= Functional spinal unit =

Smallest unit of the spine similar in mechanical mobility to the whole spine

A functional spinal unit (FSU), or motion segment, is the smallest physiological motion unit of the spine to exhibit biomechanical characteristics similar to those of the entire spine.

A FSU consists of two adjacent vertebrae, the intervertebral disc and all adjoining ligaments between them and excludes other connecting tissues such as muscles. The three-joint complex that results is sometimes referred to as the "articular triad".
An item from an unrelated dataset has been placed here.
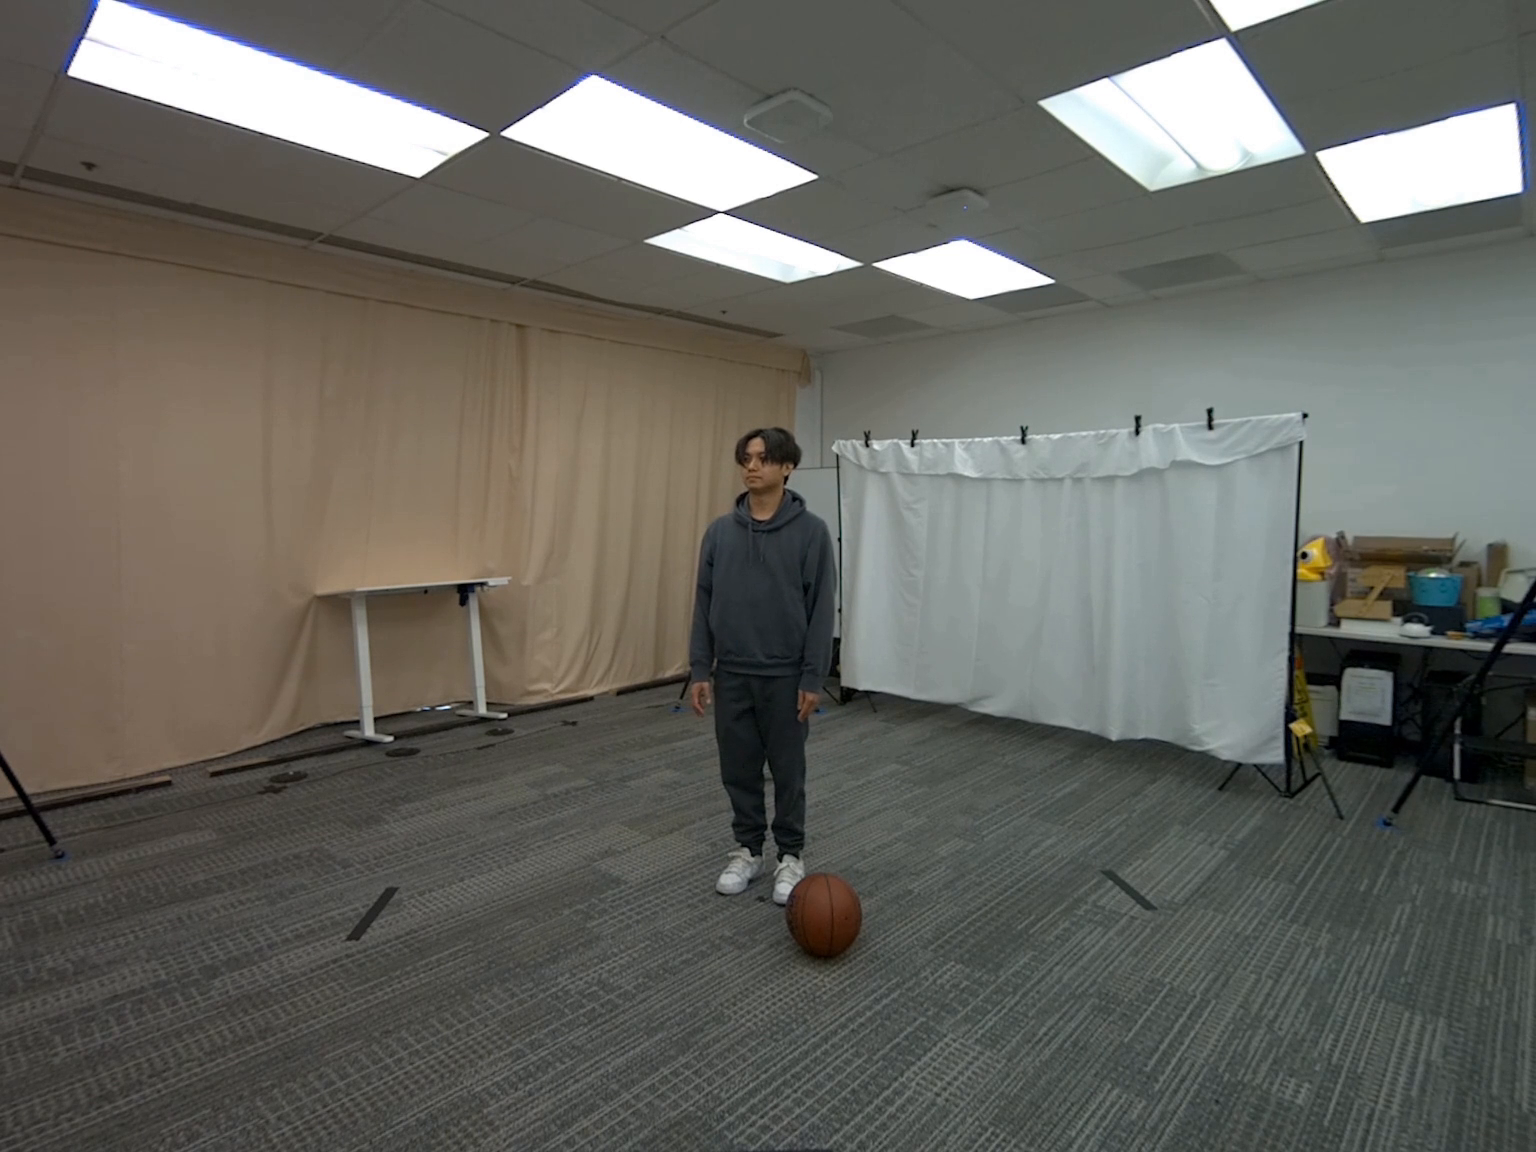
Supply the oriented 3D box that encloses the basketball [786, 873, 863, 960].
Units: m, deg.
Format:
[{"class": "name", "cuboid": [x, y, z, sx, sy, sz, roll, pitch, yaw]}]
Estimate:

In vitro studies of isolated or multiple FSU's are often used to measure biomechanical properties of the spine. The typical load-displacement behavior of a cadaveric FSU specimen is nonlinear. Within the total range of passive motion of any FSU, the typical load-displacement curve consists of 2 regions or 'zones' that exhibit very different biomechanical behavior. In the vicinity of the resting neutral position of the FSU, this load-displacement behavior is highly flexible. This is the region known as the 'neutral zone', which is the motion region of the joint where the passive osteoligamentous stability mechanisms exert little or no influence. During passive physiological movement of the FSU, motion occurs in this region against minimal internal resistance. It is a region in which a small load causes a relatively large displacement. The 'elastic zone' is the remaining region of FSU motion that continues from the end of the neutral zone to the point of maximum resistance (provided by the passive osteoligamentous stability mechanism), thus limiting the range of motion.